"""
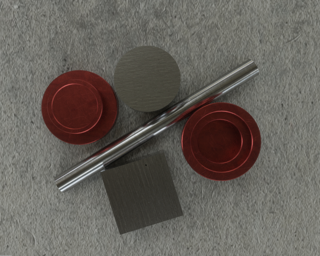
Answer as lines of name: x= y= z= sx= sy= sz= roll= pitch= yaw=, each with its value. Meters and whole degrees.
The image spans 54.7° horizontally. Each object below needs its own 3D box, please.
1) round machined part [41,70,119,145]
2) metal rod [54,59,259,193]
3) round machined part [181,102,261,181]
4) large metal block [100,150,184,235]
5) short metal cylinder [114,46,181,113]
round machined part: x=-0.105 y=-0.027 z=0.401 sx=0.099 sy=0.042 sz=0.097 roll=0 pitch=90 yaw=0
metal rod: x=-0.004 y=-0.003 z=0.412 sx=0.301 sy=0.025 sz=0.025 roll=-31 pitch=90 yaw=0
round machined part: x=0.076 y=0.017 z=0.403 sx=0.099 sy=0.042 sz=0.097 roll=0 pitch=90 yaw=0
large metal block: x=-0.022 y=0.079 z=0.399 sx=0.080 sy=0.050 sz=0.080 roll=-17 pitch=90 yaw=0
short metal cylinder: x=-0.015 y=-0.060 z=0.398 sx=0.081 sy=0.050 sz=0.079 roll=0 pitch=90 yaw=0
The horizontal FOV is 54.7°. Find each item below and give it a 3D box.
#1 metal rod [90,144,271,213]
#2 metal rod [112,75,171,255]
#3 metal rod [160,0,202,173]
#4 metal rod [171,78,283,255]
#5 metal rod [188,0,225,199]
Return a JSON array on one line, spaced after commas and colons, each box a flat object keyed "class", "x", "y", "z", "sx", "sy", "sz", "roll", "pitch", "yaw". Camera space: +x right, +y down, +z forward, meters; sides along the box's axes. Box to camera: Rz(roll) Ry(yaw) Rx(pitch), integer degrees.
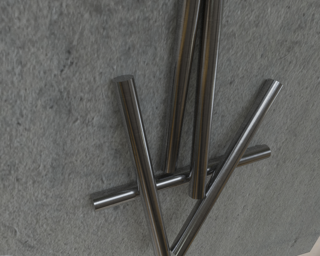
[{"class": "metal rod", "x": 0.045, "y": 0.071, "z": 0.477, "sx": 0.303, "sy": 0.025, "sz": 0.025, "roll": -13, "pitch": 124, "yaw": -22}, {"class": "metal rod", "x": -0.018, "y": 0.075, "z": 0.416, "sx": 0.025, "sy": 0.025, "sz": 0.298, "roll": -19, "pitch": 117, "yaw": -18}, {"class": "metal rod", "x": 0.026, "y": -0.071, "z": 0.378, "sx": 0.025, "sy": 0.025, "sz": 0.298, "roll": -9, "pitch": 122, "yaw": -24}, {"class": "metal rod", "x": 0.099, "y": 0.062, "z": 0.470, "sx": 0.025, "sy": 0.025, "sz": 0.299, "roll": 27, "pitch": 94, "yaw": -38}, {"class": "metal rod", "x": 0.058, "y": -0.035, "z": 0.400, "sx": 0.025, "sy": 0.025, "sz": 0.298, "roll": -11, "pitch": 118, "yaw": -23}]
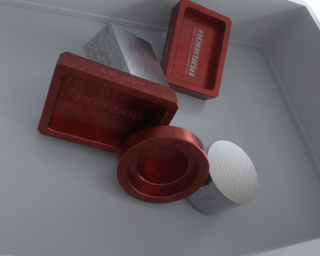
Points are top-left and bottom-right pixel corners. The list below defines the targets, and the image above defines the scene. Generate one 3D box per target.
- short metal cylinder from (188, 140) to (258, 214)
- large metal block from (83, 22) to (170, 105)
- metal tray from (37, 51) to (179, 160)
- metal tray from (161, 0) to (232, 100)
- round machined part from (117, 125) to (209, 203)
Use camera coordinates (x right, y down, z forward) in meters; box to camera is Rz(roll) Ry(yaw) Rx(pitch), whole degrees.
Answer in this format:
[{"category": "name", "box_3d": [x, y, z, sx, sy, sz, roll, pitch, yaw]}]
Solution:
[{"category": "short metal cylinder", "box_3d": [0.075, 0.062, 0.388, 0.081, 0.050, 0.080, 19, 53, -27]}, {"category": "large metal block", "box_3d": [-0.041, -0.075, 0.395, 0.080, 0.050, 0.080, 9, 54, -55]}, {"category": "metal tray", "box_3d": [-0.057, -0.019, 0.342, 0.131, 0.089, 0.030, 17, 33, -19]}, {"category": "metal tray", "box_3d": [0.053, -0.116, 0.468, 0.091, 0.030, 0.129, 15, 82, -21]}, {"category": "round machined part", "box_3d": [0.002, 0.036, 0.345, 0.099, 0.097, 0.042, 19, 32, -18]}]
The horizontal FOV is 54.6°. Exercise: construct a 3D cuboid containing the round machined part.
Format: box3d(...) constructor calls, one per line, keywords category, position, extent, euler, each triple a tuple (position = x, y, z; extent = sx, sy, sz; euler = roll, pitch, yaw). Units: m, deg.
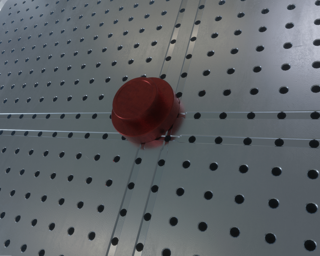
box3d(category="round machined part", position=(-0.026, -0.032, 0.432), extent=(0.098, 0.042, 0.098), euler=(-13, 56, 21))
"""
"""
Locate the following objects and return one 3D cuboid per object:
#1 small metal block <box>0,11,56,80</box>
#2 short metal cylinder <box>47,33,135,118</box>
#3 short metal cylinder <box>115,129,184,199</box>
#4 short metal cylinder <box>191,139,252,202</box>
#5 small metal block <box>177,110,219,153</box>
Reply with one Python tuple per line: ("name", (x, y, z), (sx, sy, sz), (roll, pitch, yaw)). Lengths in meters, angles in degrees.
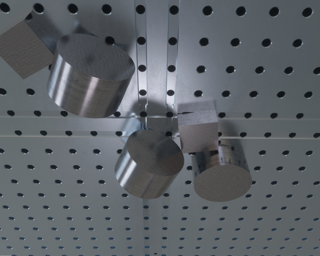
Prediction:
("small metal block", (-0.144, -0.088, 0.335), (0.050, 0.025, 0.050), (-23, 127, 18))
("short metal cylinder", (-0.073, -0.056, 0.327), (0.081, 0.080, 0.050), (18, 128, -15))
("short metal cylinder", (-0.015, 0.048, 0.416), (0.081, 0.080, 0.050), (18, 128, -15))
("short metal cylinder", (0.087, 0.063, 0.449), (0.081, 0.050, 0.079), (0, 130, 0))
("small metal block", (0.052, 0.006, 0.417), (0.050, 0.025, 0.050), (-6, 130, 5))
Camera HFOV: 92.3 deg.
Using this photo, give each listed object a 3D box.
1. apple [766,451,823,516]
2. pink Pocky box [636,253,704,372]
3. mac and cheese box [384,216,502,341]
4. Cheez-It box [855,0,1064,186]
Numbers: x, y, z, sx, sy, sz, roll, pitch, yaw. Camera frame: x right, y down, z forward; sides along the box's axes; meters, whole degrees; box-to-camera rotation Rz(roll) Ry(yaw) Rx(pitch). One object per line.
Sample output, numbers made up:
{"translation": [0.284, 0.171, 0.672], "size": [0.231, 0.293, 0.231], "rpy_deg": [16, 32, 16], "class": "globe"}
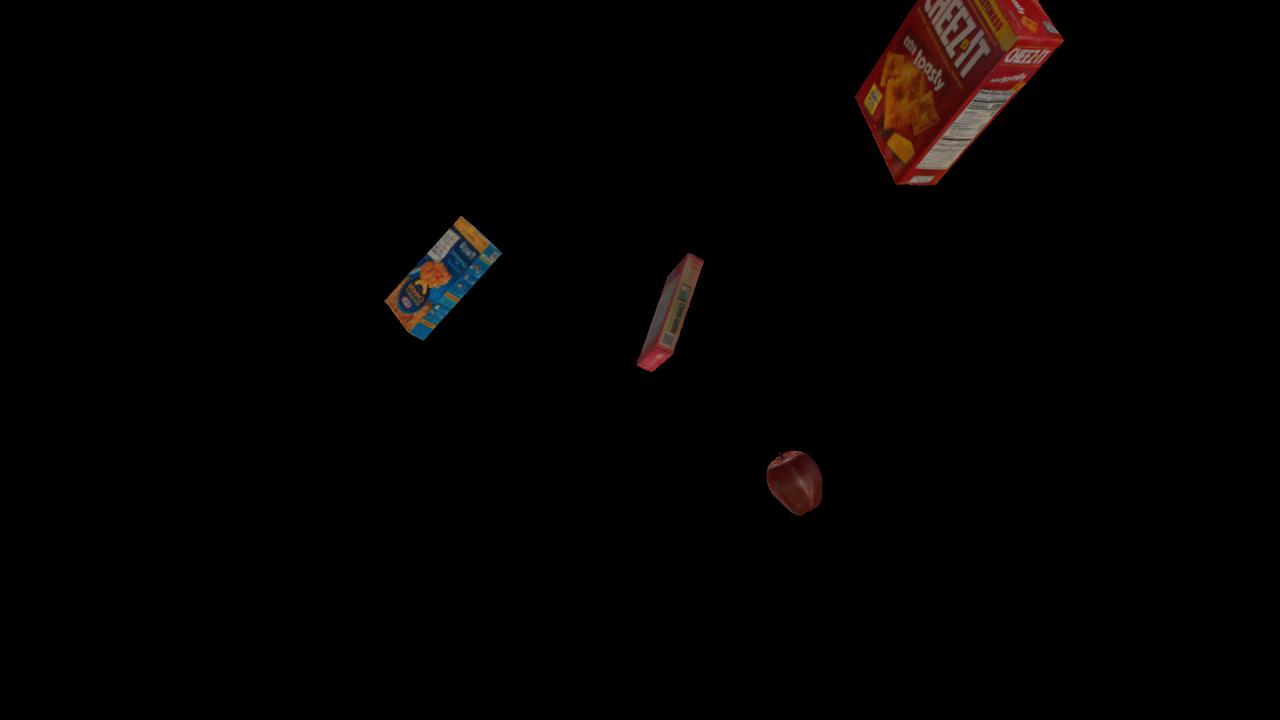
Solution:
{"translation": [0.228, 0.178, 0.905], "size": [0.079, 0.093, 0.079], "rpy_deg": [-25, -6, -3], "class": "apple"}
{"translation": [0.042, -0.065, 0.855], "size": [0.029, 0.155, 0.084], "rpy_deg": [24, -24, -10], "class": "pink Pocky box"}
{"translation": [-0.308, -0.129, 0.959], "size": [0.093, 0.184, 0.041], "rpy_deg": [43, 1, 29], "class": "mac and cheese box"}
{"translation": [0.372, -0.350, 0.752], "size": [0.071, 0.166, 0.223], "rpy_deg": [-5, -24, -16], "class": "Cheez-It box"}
"""
"""
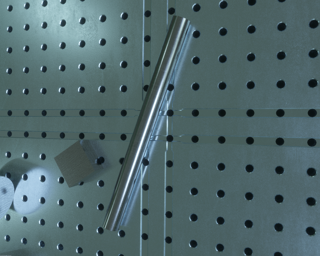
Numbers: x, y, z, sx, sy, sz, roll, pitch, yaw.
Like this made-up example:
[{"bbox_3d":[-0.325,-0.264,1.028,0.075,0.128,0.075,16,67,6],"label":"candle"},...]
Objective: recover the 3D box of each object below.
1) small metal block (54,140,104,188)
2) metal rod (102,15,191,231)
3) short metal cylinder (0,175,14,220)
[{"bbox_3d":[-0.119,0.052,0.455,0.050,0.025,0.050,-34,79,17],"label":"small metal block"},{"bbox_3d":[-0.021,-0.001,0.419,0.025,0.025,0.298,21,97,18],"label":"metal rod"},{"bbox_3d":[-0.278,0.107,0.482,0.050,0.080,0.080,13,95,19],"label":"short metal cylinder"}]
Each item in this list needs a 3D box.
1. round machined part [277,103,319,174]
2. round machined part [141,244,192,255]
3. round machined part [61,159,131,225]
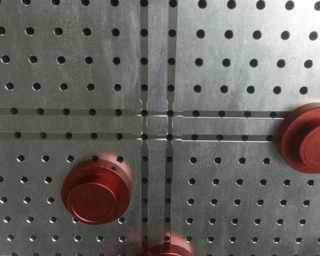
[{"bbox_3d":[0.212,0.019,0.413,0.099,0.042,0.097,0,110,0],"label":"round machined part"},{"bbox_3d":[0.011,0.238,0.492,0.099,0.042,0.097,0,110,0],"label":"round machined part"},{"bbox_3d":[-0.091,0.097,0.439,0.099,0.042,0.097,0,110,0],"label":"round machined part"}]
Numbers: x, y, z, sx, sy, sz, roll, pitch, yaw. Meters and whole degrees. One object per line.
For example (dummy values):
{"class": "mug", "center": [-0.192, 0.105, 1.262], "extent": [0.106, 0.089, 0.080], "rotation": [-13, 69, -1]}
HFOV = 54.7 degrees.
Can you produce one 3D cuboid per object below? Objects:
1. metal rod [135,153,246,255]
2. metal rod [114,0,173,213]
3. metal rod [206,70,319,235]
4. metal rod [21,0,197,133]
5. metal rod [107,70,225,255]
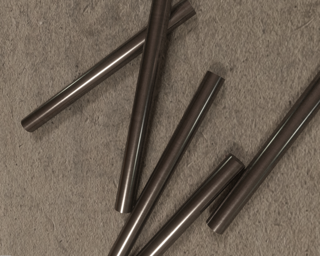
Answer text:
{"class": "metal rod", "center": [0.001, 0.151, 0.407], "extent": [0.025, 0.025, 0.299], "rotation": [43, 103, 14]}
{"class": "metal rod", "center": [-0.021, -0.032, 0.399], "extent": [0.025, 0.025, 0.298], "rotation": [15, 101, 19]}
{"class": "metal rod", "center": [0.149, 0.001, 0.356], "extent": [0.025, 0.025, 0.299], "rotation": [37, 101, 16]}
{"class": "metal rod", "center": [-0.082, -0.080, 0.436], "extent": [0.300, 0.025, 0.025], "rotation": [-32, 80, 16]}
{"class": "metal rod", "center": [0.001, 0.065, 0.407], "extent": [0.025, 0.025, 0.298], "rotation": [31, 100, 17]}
"""
## What to work on
Everything from the line with "3. metal rod [206,70,319,235]" through the line with "5. metal rod [107,70,225,255]" should be written out exactly as it appears above, end lines included, and nothing outside that range.

## Expected output
3. metal rod [206,70,319,235]
4. metal rod [21,0,197,133]
5. metal rod [107,70,225,255]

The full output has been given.